Bis vor einigen Jahren war es, wenn nun die Partner getrennt leben, üblich, dass der Partner (in der Regel die Frau), bei welchem die Kinder leben, die elterliche Sorge für sich allein beantragte und dies bereits sofort nach der Trennung, was nach dem Gesetz möglich war und von den Gerichten in der Regel auch problemlos akzeptiert wurde.
Dies ist durch die Reform des Sorgerechts grundlegend geändert worden. Die gemeinsame elterliche Sorge ist der Regelfall, von welchem nur in extremen Ausnahmefällen abgewichen wird.
Die heißt allerdings nicht, dass nicht einzelne Teile der elterlichen Sorge einem Elternteil alleine übertragen werden können, so z.B. das Aufenthaltsbestimmungsrecht, die Vermögenssorge etc. Ohnehin ist es so, dass die alltäglichen Entscheidungen derjenige alleine treffen darf, bei welchem sich die Kinder aufhalten.

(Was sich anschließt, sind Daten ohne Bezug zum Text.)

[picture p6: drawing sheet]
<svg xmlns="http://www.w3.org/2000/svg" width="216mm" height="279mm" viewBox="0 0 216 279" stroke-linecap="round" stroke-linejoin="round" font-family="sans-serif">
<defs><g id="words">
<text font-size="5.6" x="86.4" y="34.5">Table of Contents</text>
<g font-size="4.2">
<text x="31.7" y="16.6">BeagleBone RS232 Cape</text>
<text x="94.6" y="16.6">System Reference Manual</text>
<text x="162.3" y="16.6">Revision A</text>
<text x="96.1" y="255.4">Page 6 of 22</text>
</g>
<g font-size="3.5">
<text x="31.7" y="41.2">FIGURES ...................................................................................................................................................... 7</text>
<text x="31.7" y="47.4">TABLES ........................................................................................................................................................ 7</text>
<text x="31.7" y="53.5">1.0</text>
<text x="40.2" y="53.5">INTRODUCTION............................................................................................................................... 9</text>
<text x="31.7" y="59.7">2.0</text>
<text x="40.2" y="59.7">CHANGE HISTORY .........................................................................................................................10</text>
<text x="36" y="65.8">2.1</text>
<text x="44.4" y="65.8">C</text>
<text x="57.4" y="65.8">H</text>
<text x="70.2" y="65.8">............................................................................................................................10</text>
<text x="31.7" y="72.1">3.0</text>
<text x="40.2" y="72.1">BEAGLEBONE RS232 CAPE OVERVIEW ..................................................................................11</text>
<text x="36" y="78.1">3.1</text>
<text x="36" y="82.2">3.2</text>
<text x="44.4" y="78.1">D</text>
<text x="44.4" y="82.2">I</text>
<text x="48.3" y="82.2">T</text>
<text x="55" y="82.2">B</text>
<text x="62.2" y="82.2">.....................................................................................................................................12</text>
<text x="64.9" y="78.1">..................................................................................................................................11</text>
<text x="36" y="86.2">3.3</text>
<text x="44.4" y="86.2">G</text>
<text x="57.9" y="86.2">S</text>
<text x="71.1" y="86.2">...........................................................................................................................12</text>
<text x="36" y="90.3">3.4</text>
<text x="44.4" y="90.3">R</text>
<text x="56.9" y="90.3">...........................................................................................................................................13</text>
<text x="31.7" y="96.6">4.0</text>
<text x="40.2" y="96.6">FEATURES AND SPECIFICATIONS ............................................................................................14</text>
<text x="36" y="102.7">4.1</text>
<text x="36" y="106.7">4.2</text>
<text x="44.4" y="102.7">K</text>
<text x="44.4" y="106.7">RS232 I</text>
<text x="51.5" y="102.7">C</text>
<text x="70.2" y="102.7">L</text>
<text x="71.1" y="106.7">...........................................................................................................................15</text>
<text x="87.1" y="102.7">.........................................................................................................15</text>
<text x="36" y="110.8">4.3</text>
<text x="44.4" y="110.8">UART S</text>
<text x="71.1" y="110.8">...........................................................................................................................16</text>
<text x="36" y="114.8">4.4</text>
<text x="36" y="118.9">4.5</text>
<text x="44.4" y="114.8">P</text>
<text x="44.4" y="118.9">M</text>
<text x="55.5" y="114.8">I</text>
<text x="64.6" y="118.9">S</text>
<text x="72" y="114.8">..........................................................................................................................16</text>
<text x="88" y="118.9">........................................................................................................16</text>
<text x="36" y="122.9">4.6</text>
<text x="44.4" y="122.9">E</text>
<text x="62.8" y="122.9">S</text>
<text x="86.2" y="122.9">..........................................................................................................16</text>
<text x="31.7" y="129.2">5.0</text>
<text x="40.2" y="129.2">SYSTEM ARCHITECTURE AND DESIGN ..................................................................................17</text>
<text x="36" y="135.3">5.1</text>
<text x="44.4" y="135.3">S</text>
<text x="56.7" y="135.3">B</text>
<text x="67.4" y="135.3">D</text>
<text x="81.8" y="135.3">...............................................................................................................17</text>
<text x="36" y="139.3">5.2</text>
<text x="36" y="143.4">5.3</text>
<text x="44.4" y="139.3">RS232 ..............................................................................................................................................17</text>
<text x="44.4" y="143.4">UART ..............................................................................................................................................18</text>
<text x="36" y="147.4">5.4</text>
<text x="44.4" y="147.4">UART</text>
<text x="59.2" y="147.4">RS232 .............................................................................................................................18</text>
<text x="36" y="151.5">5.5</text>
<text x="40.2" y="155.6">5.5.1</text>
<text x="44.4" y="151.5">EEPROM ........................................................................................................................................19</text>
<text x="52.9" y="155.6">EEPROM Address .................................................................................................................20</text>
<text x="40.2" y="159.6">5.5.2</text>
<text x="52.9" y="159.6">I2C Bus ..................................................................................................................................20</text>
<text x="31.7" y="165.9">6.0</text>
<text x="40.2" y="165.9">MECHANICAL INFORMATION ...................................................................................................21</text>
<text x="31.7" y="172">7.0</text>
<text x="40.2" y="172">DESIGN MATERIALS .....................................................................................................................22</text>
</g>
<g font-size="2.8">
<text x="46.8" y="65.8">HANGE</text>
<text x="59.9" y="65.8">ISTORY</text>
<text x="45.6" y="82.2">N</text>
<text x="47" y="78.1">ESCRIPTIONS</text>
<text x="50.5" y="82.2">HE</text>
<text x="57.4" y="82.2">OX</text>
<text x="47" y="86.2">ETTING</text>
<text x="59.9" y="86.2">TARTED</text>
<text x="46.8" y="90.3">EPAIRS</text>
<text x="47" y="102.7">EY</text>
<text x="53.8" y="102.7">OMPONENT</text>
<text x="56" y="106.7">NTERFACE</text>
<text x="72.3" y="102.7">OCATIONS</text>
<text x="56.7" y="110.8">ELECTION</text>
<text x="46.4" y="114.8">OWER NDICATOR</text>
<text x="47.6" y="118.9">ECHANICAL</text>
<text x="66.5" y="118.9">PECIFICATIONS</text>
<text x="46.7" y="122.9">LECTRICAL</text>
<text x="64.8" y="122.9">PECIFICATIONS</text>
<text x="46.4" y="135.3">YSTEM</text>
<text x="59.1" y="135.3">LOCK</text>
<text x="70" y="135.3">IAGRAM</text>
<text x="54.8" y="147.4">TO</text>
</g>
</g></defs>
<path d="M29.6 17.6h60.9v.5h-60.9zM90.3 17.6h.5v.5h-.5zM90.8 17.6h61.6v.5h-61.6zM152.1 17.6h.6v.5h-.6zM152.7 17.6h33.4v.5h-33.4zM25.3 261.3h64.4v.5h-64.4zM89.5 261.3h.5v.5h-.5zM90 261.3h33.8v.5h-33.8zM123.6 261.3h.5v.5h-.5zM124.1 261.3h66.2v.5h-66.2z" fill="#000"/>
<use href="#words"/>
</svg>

Der Partner, bei welchem die Kinder nicht wohnen, soll natürlich den Kontakt zu diesen nicht verlieren. Aus diesem Grunde sieht das Gesetz ein Besuchsrecht vor, dessen Einzelheiten die Gerichte in Zusammenarbeit mit den Jugendämtern regeln, sofern die Partner sich nicht hierüber einigen können. Ein solcher Rechtsstreit ist allerdings in der Regel überflüssig, da die Gerichte sich hier an feste Grundsätze halten, die die Rechtsprechung und Erfahrung im Laufe der Jahre entwickelt haben. Ab einen gewissen Alter der Kinder (in der Regel spätestens mit fünf) kann der Partner, bei welchem die Kinder nicht wohnen dann, wenn keine ganz besonderen Umstände vorhanden sind, die Kinder jedes zweite Wochenende von samstags vormittags bis Sonntag Nachmittag (ca. 18 Uhr) zu sich nehmen, ferner den zweiten der hohen Feiertage (Weihnachten, Ostern, Pfingsten) sowie die Hälfte der Sommerferien. Manche Gerichte sprechen zudem die Hälfte der anderen Ferien auch zu. Wenn die Partner sich hinauf einigen, so können sie nicht falsch liegen und vermeiden einen Rechtsstreit, der mit erheblichen Kosten verbunden sein kann und dann doch zu diesem Ergebnis führt. Anzumerken ist, dass hinsichtlich der Ausübung des Besuchsrechts der andere Partner dem Berechtigten wenig hereinreden kann. Die Mutter kann z.B. nicht bestimmen, mit wem der Vater und die Kinder das Wochenende verbringen (in Streit steht hier meistens die neue Freundin des Vaters). Für die Gerichte ist ausschließlich das Wohl und Interesse des Kindes maßgeblich. Die Gerichte lassen nicht zu, dass "auf dem Rücken der Kinder" der Konflikt der Eltern ausgetragen wird.